Leveraging the knowledge from the phase A and B of this course (and optionally the advanced techniques from the phase C), we will develop and deploy a multi-functional AI API server in our mini project.

Outcome

The outcome of the project is an AI API server (similar to the one we implemented in module 3), deployed on a machine other than your personal PC. A client program that can interact with the server should also be included.

Necessary Requirements

Implementation of the API Server

The API server should have more than one route (a.k.a. API endpoint). You have the flexibility to plan the functionality of these routes. Note that at least one of them should incorporate “AI functionality”, either image or language-related. Examples include:

  • One route <domain>/v1/image_classify for image classification and another route <domain>/v1/conversation for LLM-powered natural language conversation
  • Multiple versions <domain>/v1/image_classify and <domain>/v2/image_classify providing different sets of functionality
  • Utility routes like <domain>/v1/model for listing available AI models

For API framework, although we have only learned FastAPI in this course, you have the freedom to use other frameworks (e.g., Flask, Django, or even programming languages other than Python) if you want.

For the AI model powering the AI functionality, you can totally use off-the-shelf models from HuggingFace, the model you prepared for other courses, or elsewhere; this is not the focus of this mini project.

You are free to use libraries, ask AI for help, or even reference to the code I included in the blog post. But you shouldn’t directly copy and paste any code (implemented by others or AI) without any modification, especially if you have no idea of the meaning of the code. In other words, I am not against reuse of existing tools and code since it is a common practice in software development, but you have to ensure that you understand your implementation.

Deployment of the API Server

In general, you can deploy the API server on any machine as long as it is not the same machine the client program is going to run on. The actual purpose of this requirement is the client program and the server should live in different host environments so the knowledge of interaction through network is required. In practice you can interpret this requirement quite flexibly, below is a list of examples that are all accepted:

  • You run the server on your personal computer, and run the client on your colleague/friend’s personal computer
  • You have two personal computers, with one of them running the server and another one running the client
  • You run the server on a Raspberry Pi/NVIDIA Jetson, and run the client on your personal computer, or reversely
  • You run the server on a cloud computer, and run the client on your personal computer, or reversely
  • You run both server and client on the same physical machine, but they are in different host environments: one of them is in a virtual machine or each is in a different virtual machine

The server should be deployed using containerization technique we learned in module 5. In other words, you shouldn’t run the server program directly on the host environment of the machine. You have the freedom to use container frameworks other than Docker (e.g., Podman).

Client Program and Interaction with the Server

You also should prepare a simple client program for validating that the server is functioning correctly. There is no strict requirement for any aspect of this client program, as long as it can demonstrate the functionality of the API server you deployed.

Tips

These are not strict requirements, but are aspects that you probably should consider to demonstrate your understanding of the knowledge covered in this course:

  • API endpoints design that adhere to the REST principle
  • API versioning considerations, even if you plan to only have v1 endpoints
  • Integration with databases in the API server for API key management
  • Leveraging the dedicated AI computing hardwares if the machine has any
  • Build the server container image with Dockerfile and proper layering

Optional Achievements

For folks who feel the above requirements are too easy, here are some examples of how you can incorporate advanced techniques into your mini project to amaze your classmates. You probably have even crazier ideas if you are really considering implementing these: the sky is the limit here.

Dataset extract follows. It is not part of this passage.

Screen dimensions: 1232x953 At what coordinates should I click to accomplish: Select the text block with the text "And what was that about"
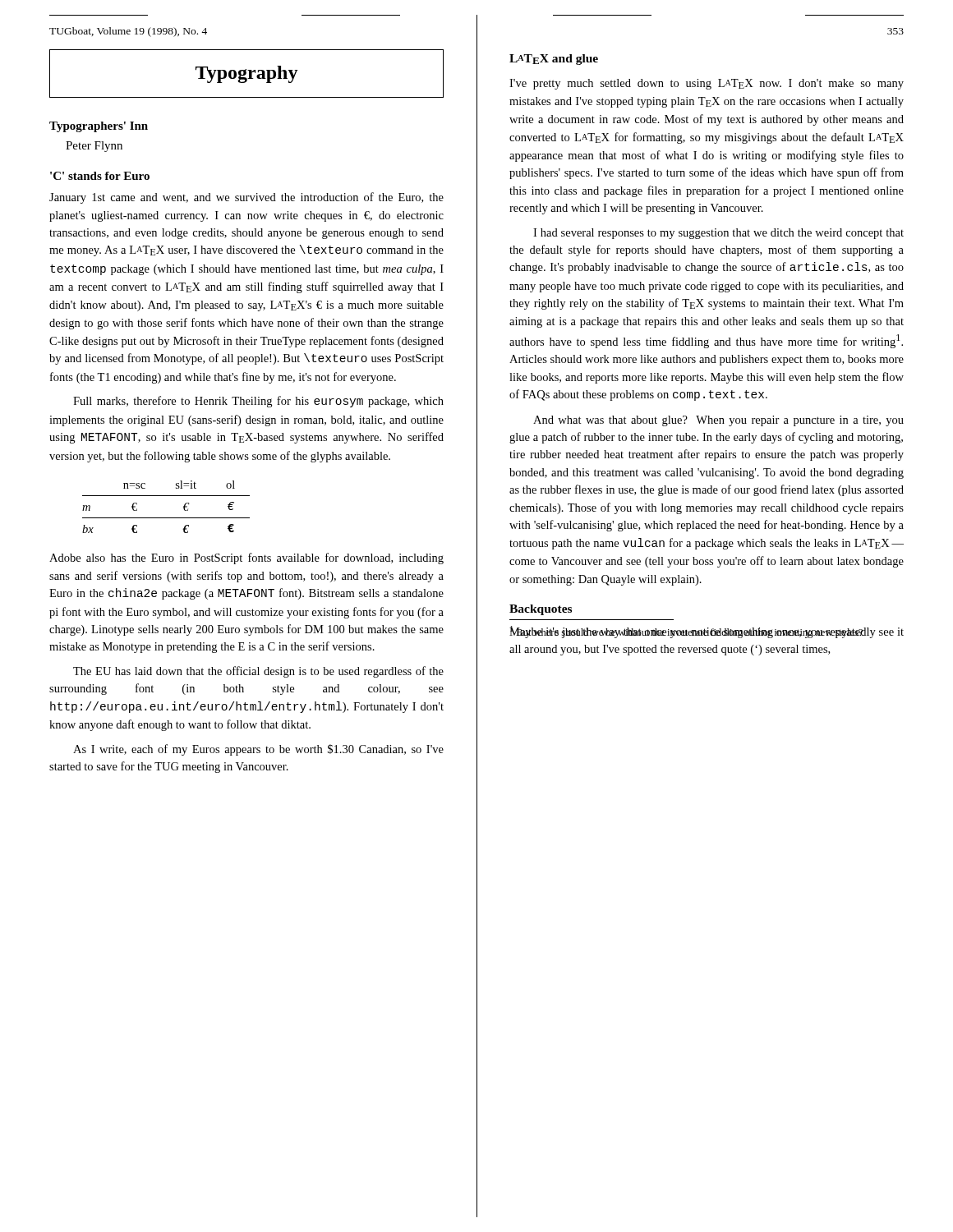[707, 499]

  • Record per user usage and implement advanced rate limit algorithm for your API endpoints with AI functionalities
  • Leverage production-ready techniques we are going to learn in the last phase to: make your server highly-available (e.g., run on a cluster) or implement advanced deployment strategies
  • Make your server publicly available, by giving it a publicly accessible IP address, a domain, and proper SSL certificate
  • Make your API server a drop-in replacement of OpenAI/Anthropic’s API families by implementing multi-modal conversational APIs that can receive both natural language and image input and generate language output

I do want to note that, to keep it fair, incorporating these optional achievements in the project does not directly grant you a higher score than those who don’t. The purpose of the project is to reflect your understanding of the knowledge we covered in this course, and the course is scored based on the oral exam, not the project outcome directly.

Report

As you probably already know, you need to submit a report for this mini project. The format of the report is as follows.

3-4 pages, excluding references, containing:

  • Title and all authors
  • Introduction: a short problem analysis
  • Implementation: Explain important design and implementation choices of the API server and the client program
  • Deployment: Demonstrate the important steps of deploying the API server
  • Results: Evaluation of the API server’s functionality and your reflections
  • Conclusion

Submission

In the end, you should submit one .zip or .tar.gz (or other open file bundle formats) file containing:

  • The report in PDF format
  • All source code necessary to build the API server container, including the source code of the API server, the Dockerfile, among others if needed (e.g., requirements.txt)
  • Source code of the client program

One submission per group should be uploaded in DigitalExam no later than: December 4th 23:59, 2025 (Copenhagen time).